• [INFORMATION SHOWN]
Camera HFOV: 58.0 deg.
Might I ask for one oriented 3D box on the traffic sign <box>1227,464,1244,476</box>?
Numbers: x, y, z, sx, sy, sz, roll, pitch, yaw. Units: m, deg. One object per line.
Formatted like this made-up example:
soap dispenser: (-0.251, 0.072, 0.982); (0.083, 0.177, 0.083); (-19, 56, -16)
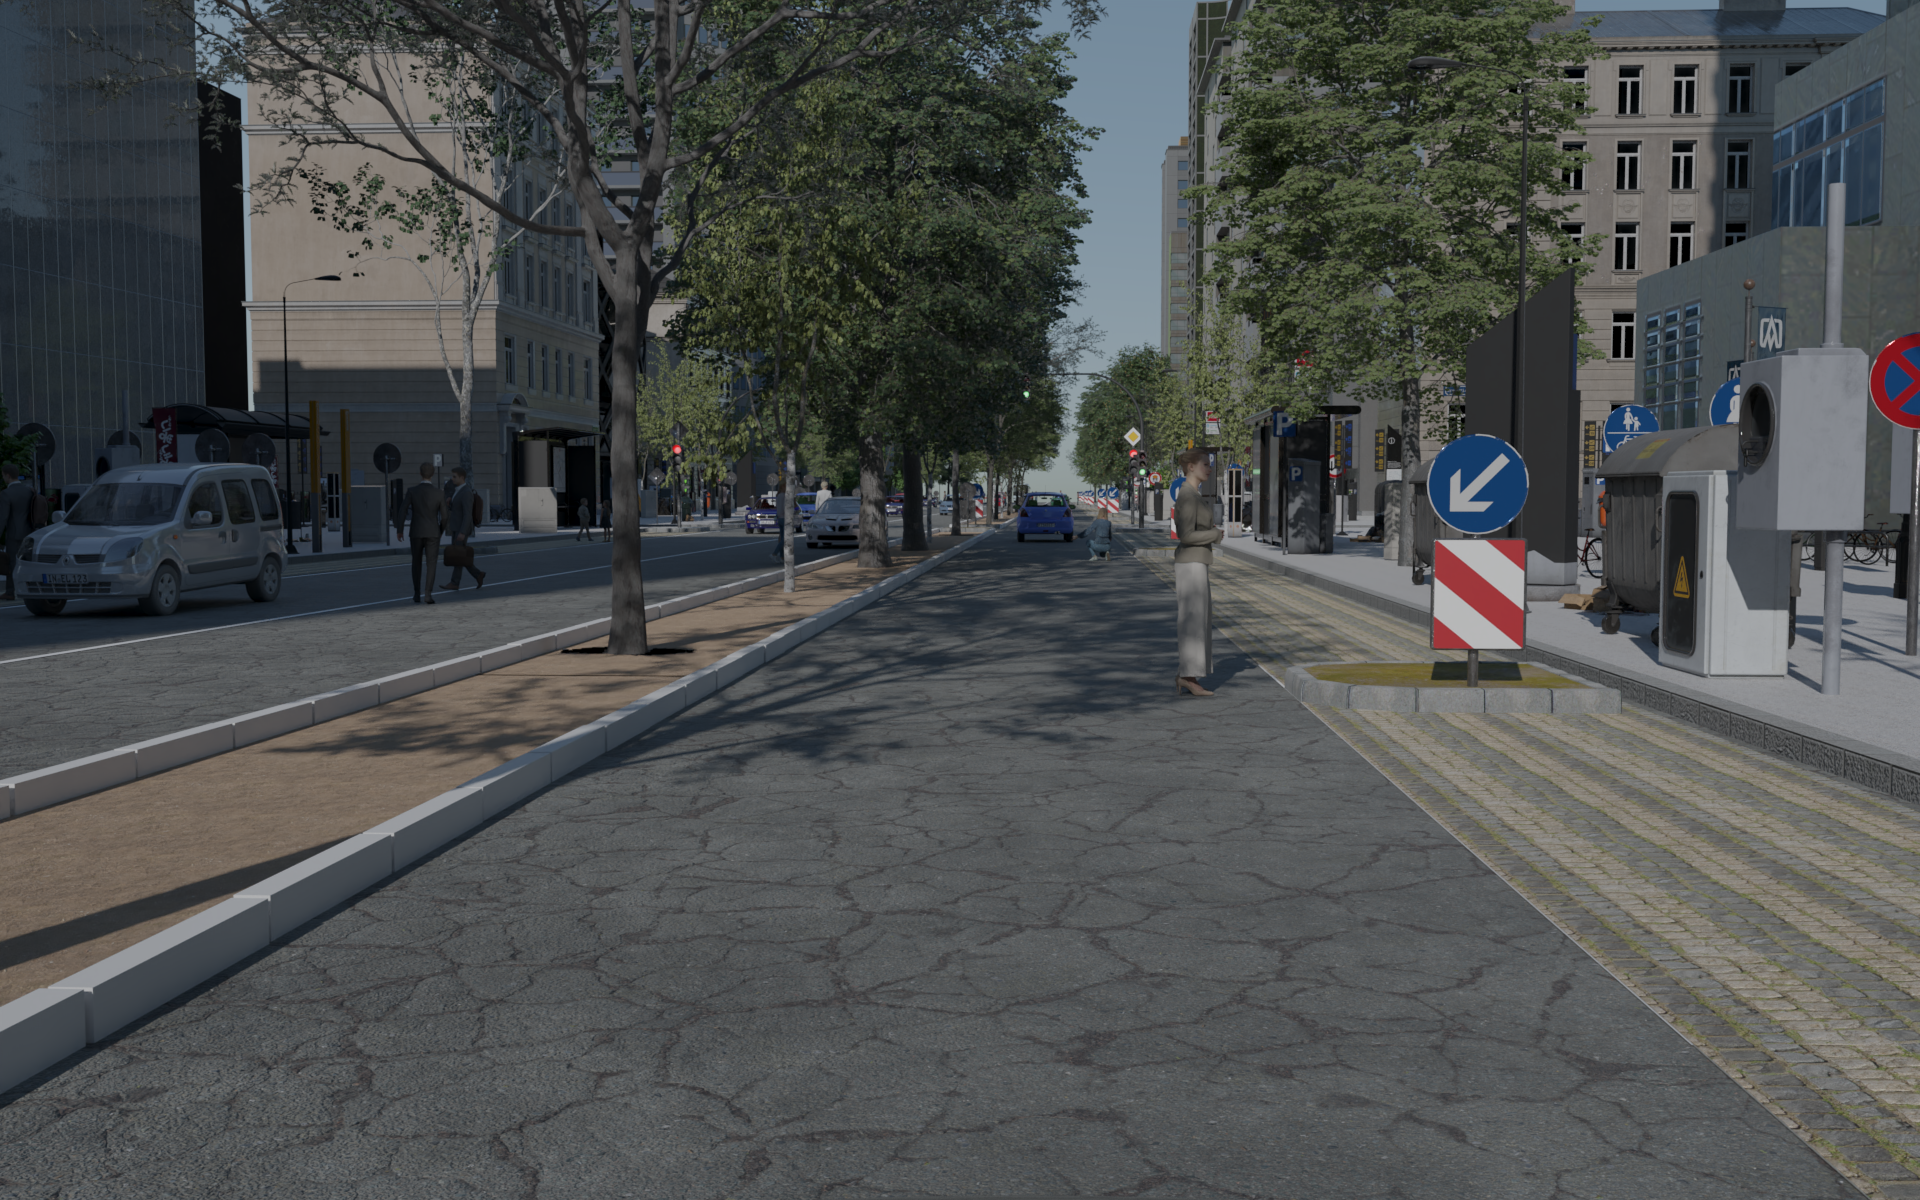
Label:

• [WHAT IS BEING ASKED]
Copy out every entry above word for word; omit the images.

• [RESULT OF THE TASK]
Camera HFOV: 58.0 deg.
Might I ask for one oriented 3D box on the traffic sign <box>1227,464,1244,476</box>?
Numbers: x, y, z, sx, sy, sz, roll, pitch, yaw. Units: m, deg. One object per line.
Formatted like this made-up example:
soap dispenser: (-0.251, 0.072, 0.982); (0.083, 0.177, 0.083); (-19, 56, -16)
Label:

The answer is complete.